All About “Awful”

Is there a shapeshifter* with more of a split personality than awful? Not likely. To understand why this is so, consider the adjective’s root: the noun awe, which went from meaning “fear” in the strongest sense (according to the OED, “immediate and active fear” in the ninth century) to “the feeling of solemn and reverential wonder” some nine centuries later. Today’s opposite-ends-of-the-pole definitions are extremely disagreeable or objectionable (as in “an awful state of affairs”) and exceedingly great (as in “that’s an awful lot of cash, Randy”).

Definitions From Times Past  

At the dawn of the sixteenth century, awful meant both terror-stricken and profoundly respectful or reverential. In the late 1580s Christopher Marlowe used it in the first sense in Dr. Faustus “Monarch of hell under whose black survey great potentates do kneel with awful fear.” Three years later Shakespeare employed the second sense of the word in The Tragedy of King Richard II: “…how dare thy joints forget to pay their awful duty to our presence?”
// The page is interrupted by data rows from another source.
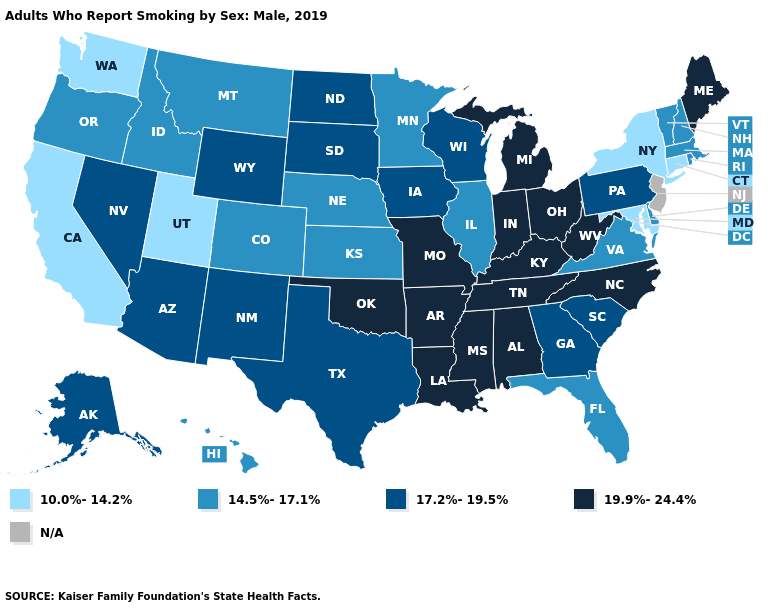Name the states that have a value in the range N/A?
Short answer required. New Jersey. What is the value of Arkansas?
Give a very brief answer. 19.9%-24.4%. Name the states that have a value in the range 19.9%-24.4%?
Give a very brief answer. Alabama, Arkansas, Indiana, Kentucky, Louisiana, Maine, Michigan, Mississippi, Missouri, North Carolina, Ohio, Oklahoma, Tennessee, West Virginia. Among the states that border Utah , which have the highest value?
Be succinct. Arizona, Nevada, New Mexico, Wyoming. Does Pennsylvania have the lowest value in the Northeast?
Answer briefly. No. Is the legend a continuous bar?
Be succinct. No. Does the map have missing data?
Concise answer only. Yes. What is the lowest value in the USA?
Answer briefly. 10.0%-14.2%. Does South Carolina have the highest value in the USA?
Keep it brief. No. What is the highest value in the USA?
Keep it brief. 19.9%-24.4%. Name the states that have a value in the range 17.2%-19.5%?
Give a very brief answer. Alaska, Arizona, Georgia, Iowa, Nevada, New Mexico, North Dakota, Pennsylvania, South Carolina, South Dakota, Texas, Wisconsin, Wyoming. Name the states that have a value in the range N/A?
Give a very brief answer. New Jersey. Does California have the lowest value in the West?
Short answer required. Yes. Does Oklahoma have the highest value in the South?
Write a very short answer. Yes. 
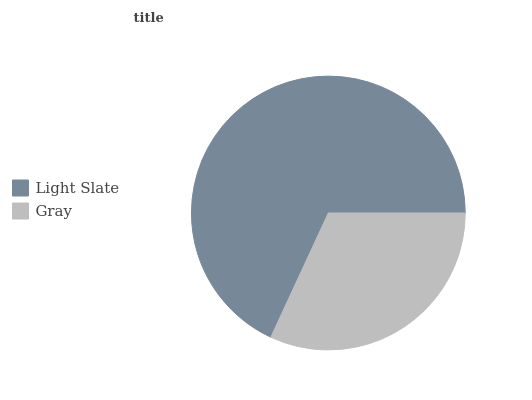Is Gray the minimum?
Answer yes or no. Yes. Is Light Slate the maximum?
Answer yes or no. Yes. Is Gray the maximum?
Answer yes or no. No. Is Light Slate greater than Gray?
Answer yes or no. Yes. Is Gray less than Light Slate?
Answer yes or no. Yes. Is Gray greater than Light Slate?
Answer yes or no. No. Is Light Slate less than Gray?
Answer yes or no. No. Is Light Slate the high median?
Answer yes or no. Yes. Is Gray the low median?
Answer yes or no. Yes. Is Gray the high median?
Answer yes or no. No. Is Light Slate the low median?
Answer yes or no. No. 
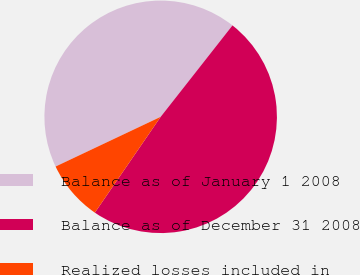Convert chart to OTSL. <chart><loc_0><loc_0><loc_500><loc_500><pie_chart><fcel>Balance as of January 1 2008<fcel>Balance as of December 31 2008<fcel>Realized losses included in<nl><fcel>42.63%<fcel>48.98%<fcel>8.39%<nl></chart> 
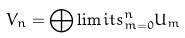Convert formula to latex. <formula><loc_0><loc_0><loc_500><loc_500>V _ { n } = \bigoplus \lim i t s ^ { n } _ { m = 0 } U _ { m }</formula> 
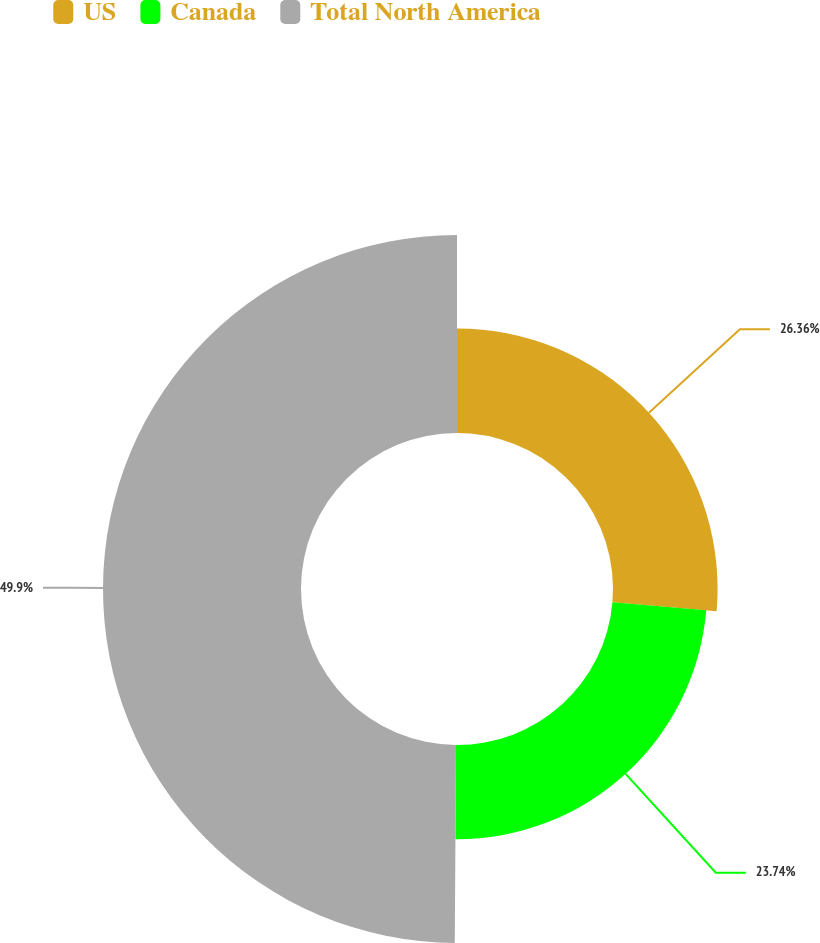Convert chart. <chart><loc_0><loc_0><loc_500><loc_500><pie_chart><fcel>US<fcel>Canada<fcel>Total North America<nl><fcel>26.36%<fcel>23.74%<fcel>49.9%<nl></chart> 
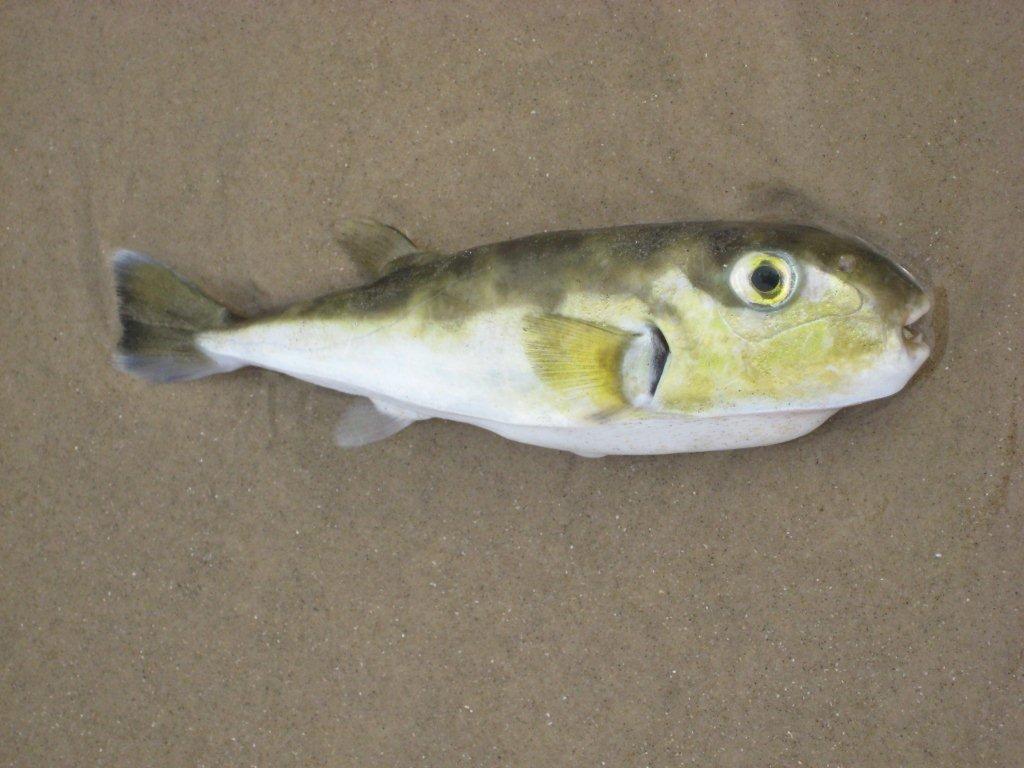In one or two sentences, can you explain what this image depicts? In this image I can see a colorful fish.

In the early nineteenth century the word’s terror connotation held firm, though by then awful meant appalling as well as terrifying (“The sight of the mob rampaging through the streets was awful”)  – much more pejorative meanings than the word carries today (think “My morning has been just awful so far”).

In the same period, the adverbial form of of the word also came to mean very, extremely, and exceedingly — definitions that had become cemented in place by the turn of the twenty-first century. Sentences such as “That was awfully [or awful] nice of you, Lucy” couldn’t be any more of a part of the day-by-day lingo of English speakers around the world.